Máxim Veliky también conducía de camino a casa. ¡Estaba feliz! El orgullo le henchía el pecho. En sus oídos aún resonaban las palabras que su hermano había dicho sobre él. Serguéi estaba orgulloso de él. ¡Qué endiabladamente bien se sentía! Su hermano menor, al que había acunado, paseado en cochecito y por quien había aprendido a cambiar pañales, ¡estaba orgulloso de él!
—¿Y bien? ¿Me estás escuchando siquiera? —preguntaba Serguéi, pero Max había ignorado por completo sus palabras.
—Lo siento, me quedé pensando —confesó Max.
—¿Te acuerdas de que el martes te toca ir a trabajar a la oficina? —preguntó Serguéi.
—Ajá, contigo es imposible olvidarlo —bufó Max—. De pequeño, la abuela me decía que a los niños los traían las cigüeñas. A menudo miraba al cielo cuando pasaban las bandadas y les pedía que me trajeran un hermanito. Pero ninguna cigüeña bajó jamás cerca de nuestra casa. ¿Y sabes por qué? —soltó Max con misterio, haciendo que incluso Valentín aguzara el oído.
—¡Porque a ti no te trajo una cigüeña, sino un pájaro carpintero! De tanto taladrar la cabeza con lo mismo —remató Max, haciendo que Valentín soltara una carcajada.
—¿Quieres que te ilustre sobre cómo vienen los niños al mundo? —Serguéi arqueó las cejas con picardía.
—Ay, por favor, no. Seguro que me cobras muy cara la información —respondió Max, aparcando el coche junto a la casa.

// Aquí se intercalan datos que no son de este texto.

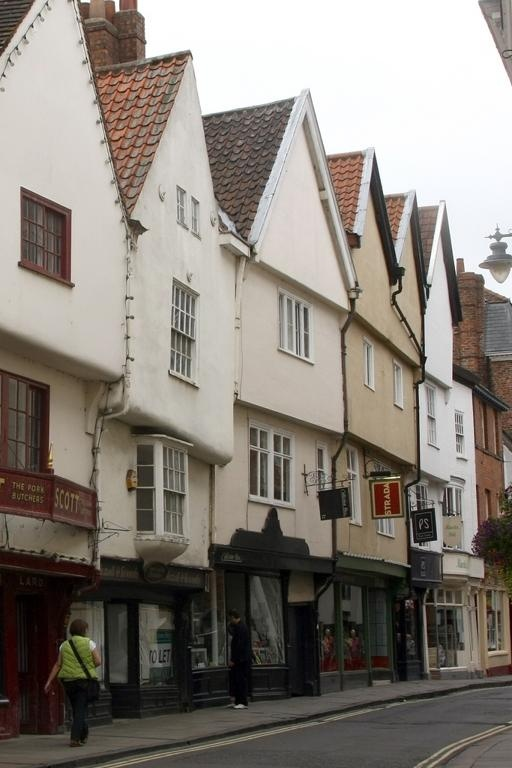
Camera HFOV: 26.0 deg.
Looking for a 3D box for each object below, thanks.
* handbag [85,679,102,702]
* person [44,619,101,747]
[{"bbox_3d":[-1.854,3.460,12.610,0.123,0.241,0.315,-2,-17,-3],"label":"handbag"},{"bbox_3d":[-2.197,3.602,13.275,0.575,1.438,1.960,0,-18,-11],"label":"person"}]
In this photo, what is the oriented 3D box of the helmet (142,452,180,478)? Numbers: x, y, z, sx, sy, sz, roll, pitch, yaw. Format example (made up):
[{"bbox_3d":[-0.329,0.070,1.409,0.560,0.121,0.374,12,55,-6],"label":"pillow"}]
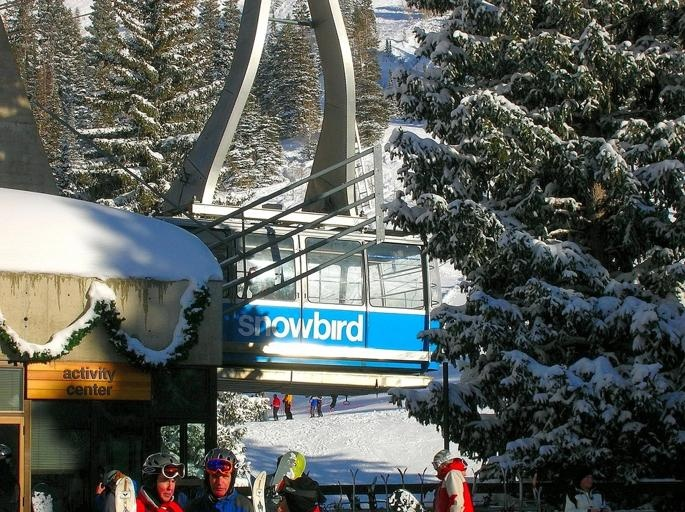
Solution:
[{"bbox_3d":[-2.908,3.389,28.962,0.490,0.338,0.400,0,-7,1],"label":"helmet"}]

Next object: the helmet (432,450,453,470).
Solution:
[{"bbox_3d":[1.705,3.458,30.612,0.334,0.306,0.248,-31,-18,28],"label":"helmet"}]
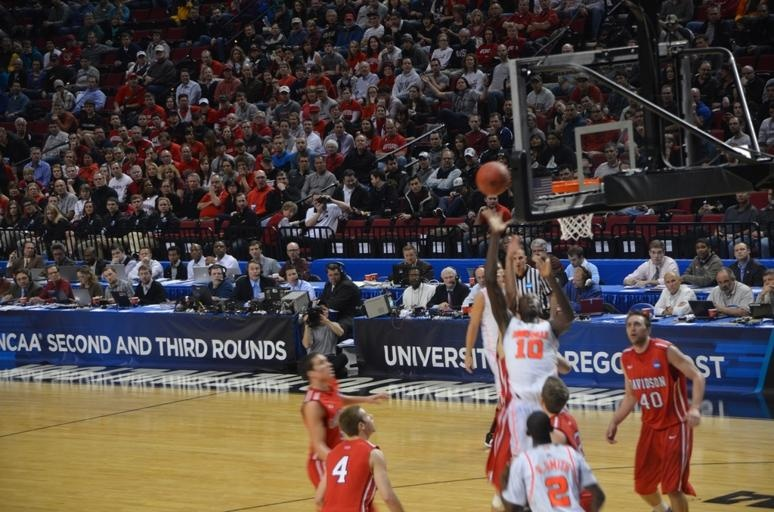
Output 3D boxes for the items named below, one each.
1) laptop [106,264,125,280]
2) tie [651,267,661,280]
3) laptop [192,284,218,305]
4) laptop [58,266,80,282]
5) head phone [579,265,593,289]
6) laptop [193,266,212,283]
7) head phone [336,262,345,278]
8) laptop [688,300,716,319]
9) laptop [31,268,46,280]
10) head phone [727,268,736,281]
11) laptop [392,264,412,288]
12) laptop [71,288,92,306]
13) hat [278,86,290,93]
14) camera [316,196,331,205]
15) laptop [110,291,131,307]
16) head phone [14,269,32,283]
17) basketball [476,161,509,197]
[{"bbox_3d":[-5.650,0.327,22.765,0.350,0.258,0.275,7,25,18],"label":"laptop"},{"bbox_3d":[4.869,0.345,19.758,0.128,0.173,0.195,-4,12,-4],"label":"tie"},{"bbox_3d":[-3.479,0.768,20.961,0.460,0.416,0.362,1,1,21],"label":"laptop"},{"bbox_3d":[-6.756,0.414,23.209,0.382,0.286,0.295,1,2,8],"label":"laptop"},{"bbox_3d":[3.463,0.380,19.206,0.305,0.363,0.270,12,13,19],"label":"head phone"},{"bbox_3d":[-3.810,0.407,22.375,0.400,0.297,0.275,3,-12,-12],"label":"laptop"},{"bbox_3d":[-0.857,0.273,20.109,0.164,0.226,0.225,-4,-38,-5],"label":"head phone"},{"bbox_3d":[5.154,0.890,17.963,0.312,0.231,0.269,-1,-6,29],"label":"laptop"},{"bbox_3d":[-7.599,0.422,23.788,0.384,0.218,0.275,4,-5,-15],"label":"laptop"},{"bbox_3d":[5.749,0.334,18.318,0.139,0.193,0.188,-9,9,-1],"label":"head phone"},{"bbox_3d":[0.291,0.408,20.864,0.123,0.392,0.371,-10,16,-43],"label":"laptop"},{"bbox_3d":[-6.160,0.862,22.018,0.411,0.291,0.301,3,11,27],"label":"laptop"},{"bbox_3d":[-2.506,-3.986,26.405,0.277,0.161,0.409,1,1,0],"label":"hat"},{"bbox_3d":[-1.354,-1.158,23.228,0.299,0.173,0.123,-7,13,-17],"label":"camera"},{"bbox_3d":[-5.361,0.908,21.993,0.397,0.292,0.276,9,4,2],"label":"laptop"},{"bbox_3d":[-7.738,0.431,23.234,0.228,0.278,0.212,-2,43,-17],"label":"head phone"},{"bbox_3d":[1.282,-0.908,13.244,0.415,0.424,0.404,-2,13,5],"label":"basketball"}]

Los tres entraron y de inmediato los envolvió un aroma espectacular.
—¡Ah, chicos! Justo a tiempo —se alegró Margarita Mijáilovna—. Cámbiense de ropa y bajen a comer. En diez minutos estará todo listo.
Cuando los muchachos bajaron a la cocina, la mesa ya estaba puesta.
—¿Hay algún motivo especial? ¿Celebramos algo? ¿Se nos olvidó algún aniversario? —Serguéi se estrujó los sesos.
—Hay un motivo, papá ya se los contará. Ocupen sus lugares —dijo Margarita Mijáilovna.
—Mamá, como siempre, insuperable. Casi me ahogo con mi propia saliva por el olor —le lanzó un cumplido Max.
La familia almorzaba junta. Los fines de semana siempre intentaban pasar tiempo unidos. Antes jugaban a juegos de mesa, hacían viajes, paseaban en bicicleta, caminaban, visitaban museos... Román Vasílievich siempre trabajaba mucho, pero los fines de semana los dedicaba exclusivamente a la familia. Nada de teléfonos ni de asuntos de trabajo.
—Hijos —se dirigió a ellos Román Vasílievich. Él nunca hacía distinciones entre Max y Serguéi, y consideraba a Valentín como un hijo más; tal vez no de sangre, tal vez un erizo espinoso, pero estaba orgulloso de él, le daba consejos y también lo amaba. Valentín no llamaba «papá» a Román Vasílievich porque recordaba a su propio padre, que había fallecido cuando él tenía siete años. Valentín tenía recuerdos muy vivos, gratos y cálidos de su padre. Román Vasílievich no presionaba y respetaba la decisión de Valentín de vivir solo y mantenerse un poco al margen de la familia.
Sin embargo, para todos los conocidos, Valentín no solo era el amigo íntimo de Máxim, sino que lo consideraban un miembro más de los Veliky.
—Hijos, quiero comunicarles algo —empezó Román Vasílievich, tomando a su esposa de la mano. Siempre lo hacía cuando buscaba su apoyo; ese gesto le daba fuerzas y confianza—. He decidido postularme como diputado. Mi candidatura ha sido respaldada. Esto será beneficioso para el negocio y abrirá nuevas perspectivas.
—¡Felicidades, papá! —se alegró Serguéi.
—¿Y en qué nos va a afectar a nosotros? ¿Vas a tener que trabajar aún más? —preguntó Max. Sabía perfectamente que el estatus de diputado exigía no solo gastos materiales, sino también mucho tiempo.
—Nada de escándalos. Solo eventos positivos, apoyo a diversos sectores y mecenazgo —declaró el hombre.
—Bueno, de por sí ya ayudas a muchas instituciones y personas. Solo que ahora tocará hacerlo público. A menudo, la ayuda deja de ser ayuda y se convierte en pura publicidad cuando se empieza a pregonar a los cuatro vientos —comentó Máxim. No le hacía ninguna gracia la idea de la diputación. Max sabía que esa idea se la estaba metiendo en la cabeza el padre de Mónica... ¡Y eso no auguraba nada bueno!